Domestic revenues increased 6.7% to $397,390,000 in 2004 from $372,443,000 in 2003. International product revenues increased 54.8% in 2004 to $84,603,000 from $54,640,000 in 2003. Fees earned by the Company on sales by foreign licensees and distributors were $2,086,000 for 2004 and $2,079,000 for 2003. International revenues, as a percentage of total revenues, increased to 17.9% in 2004 from 13.2% in 2003.

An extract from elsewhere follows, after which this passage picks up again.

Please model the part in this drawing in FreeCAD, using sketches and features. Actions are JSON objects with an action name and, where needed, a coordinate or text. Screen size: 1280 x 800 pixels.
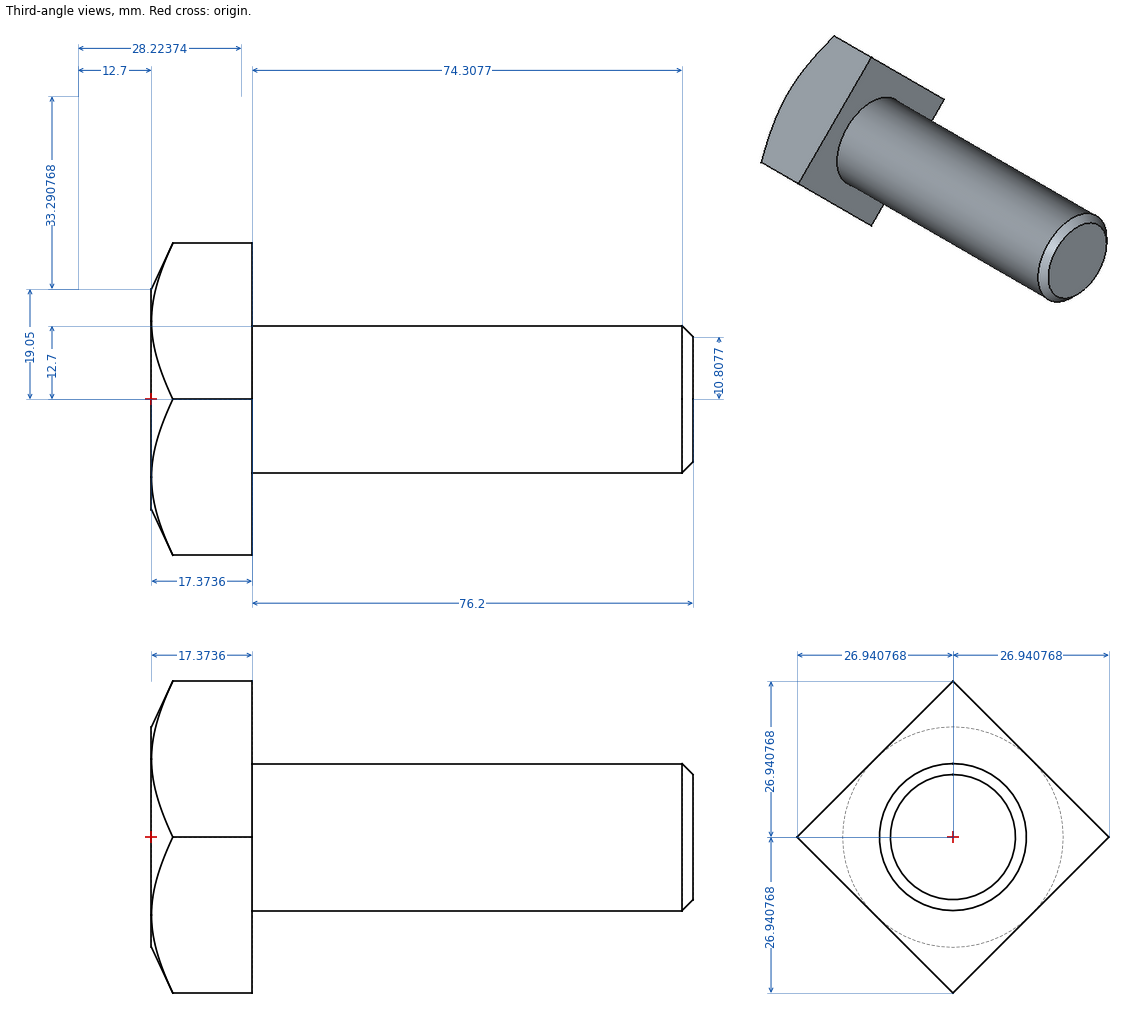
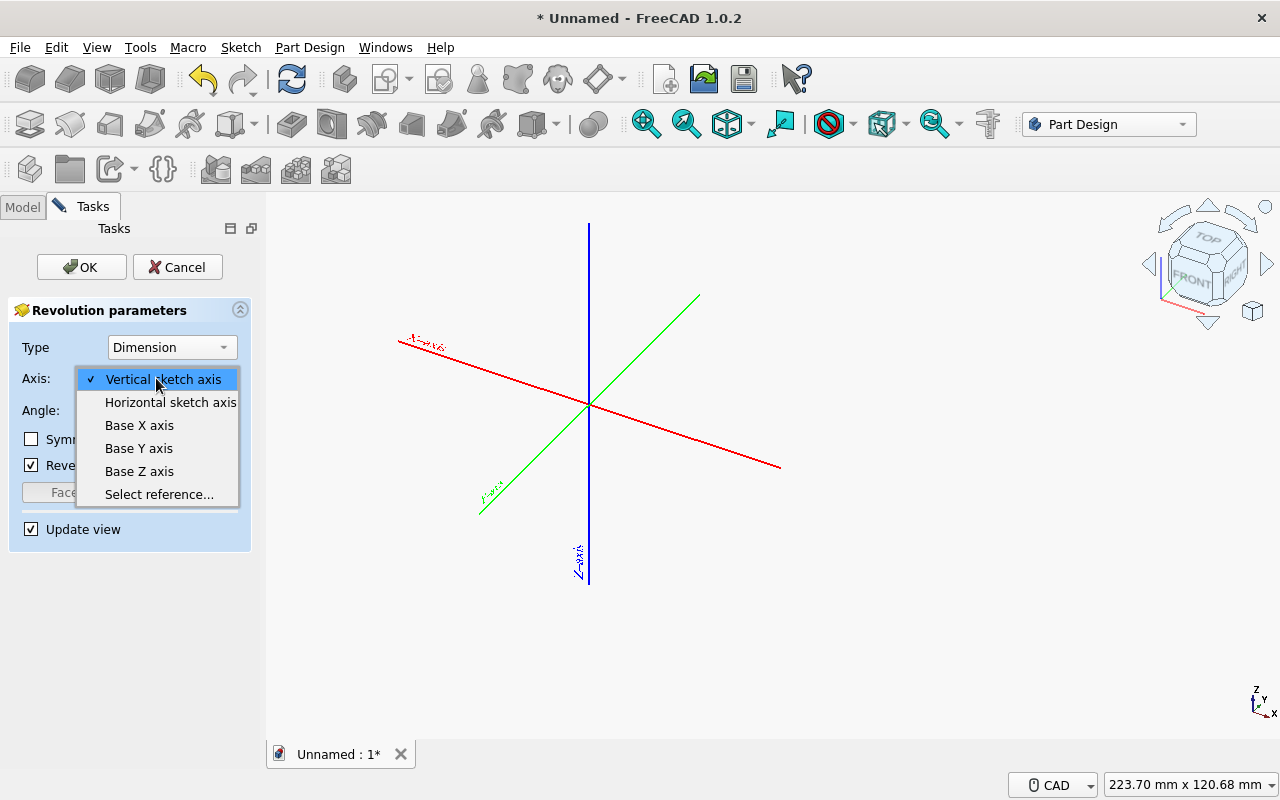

KSwiss brand revenues increased 12.6% to $477,209,000 in 2004 from $423,696,000 in 2003. This increase was the result of an increase in the volume of footwear sold at slightly higher average wholesale prices per pair. The volume of footwear sold increased 11.8% to 18,683,000 pair in 2004 from 16,718,000 pair in 2003. The average wholesale price per pair was $25.03 in 2004 and $24.83 in 2003. The major changes in volume for footwear categories are as follows: Classics, training (includes basketball), tennis and childrens categories increased 12.1%, 8.6%, 20.9% and 10.1%, respectively.
Royal Elastics brand revenues increased 25.7% to $6,870,000 in 2004 (33% domestic) from $5,466,000 in 2003 (28% domestic).
Overall gross profit margins, as a percentage of revenues, were 45.7% in 2004 and 45.1% in 2003.
Selling, General and Administrative Expenses
Overall selling, general and administrative expenses increased 15.1% to $122,262,000 (25.3% of revenues) in 2004 from $106,267,000 (24.8% of revenues) in 2003. The increase in the amounts for the year ended December 31, 2004 compared to the year ended December 31, 2003 were due to an impairment recognition and increases in advertising, bad debt and warehousing expenses offset by decreases in compensation and compensation related expenses and legal expenses. During the year ended December 31, 2004, impairment of $2,776,000 was recognized on the trademark and goodwill of the Royal Elastics brand based on many factors including the brand not growing as rapidly as we had expected. Advertising expenses increased 35.0% for the year ended December 31, 2004, as part of a strategic effort to drive higher revenues. Bad debt expenses increased 133.4% for the year ended December 31, 2004 as a result of the write-off of The Athletes Foot account due to the bankruptcy of that company. Warehousing expenses, excluding compensation and compensation related expenses, increased 13.9% for the year ended December 31, 2004, as a result of additional expenses incurred resulting from an increase in sales during the year ended December 31, 2004 and moving our warehouse location in Europe during the second quarter of 2004. Compensation and compensation related expenses, including commissions and bonus/incentive related expenses, decreased 6.9% for the year ended December 31, 2004, due to a decrease in bonus/incentive related expenses that was calculated in accordance with our bonus formula for the year ended December 31, 2004 offset by an increase in headcount and commissions (as a result of the increase in volume). Legal expenses decreased 53.9% for the year ended December 31, 2004, as a result of the defense and settlement of two lawsuits during the year ended December 31, 2003. Corporate expenses of $12,686,000 and $18,835,000, for the years ended December 31, 2004 and 2003, respectively, are included in selling, general and administrative expenses. The decrease in corporate expenses during the year ended December 31, 2004 is due to decreases in bonus/incentive related expenses and legal expenses which have been explained above.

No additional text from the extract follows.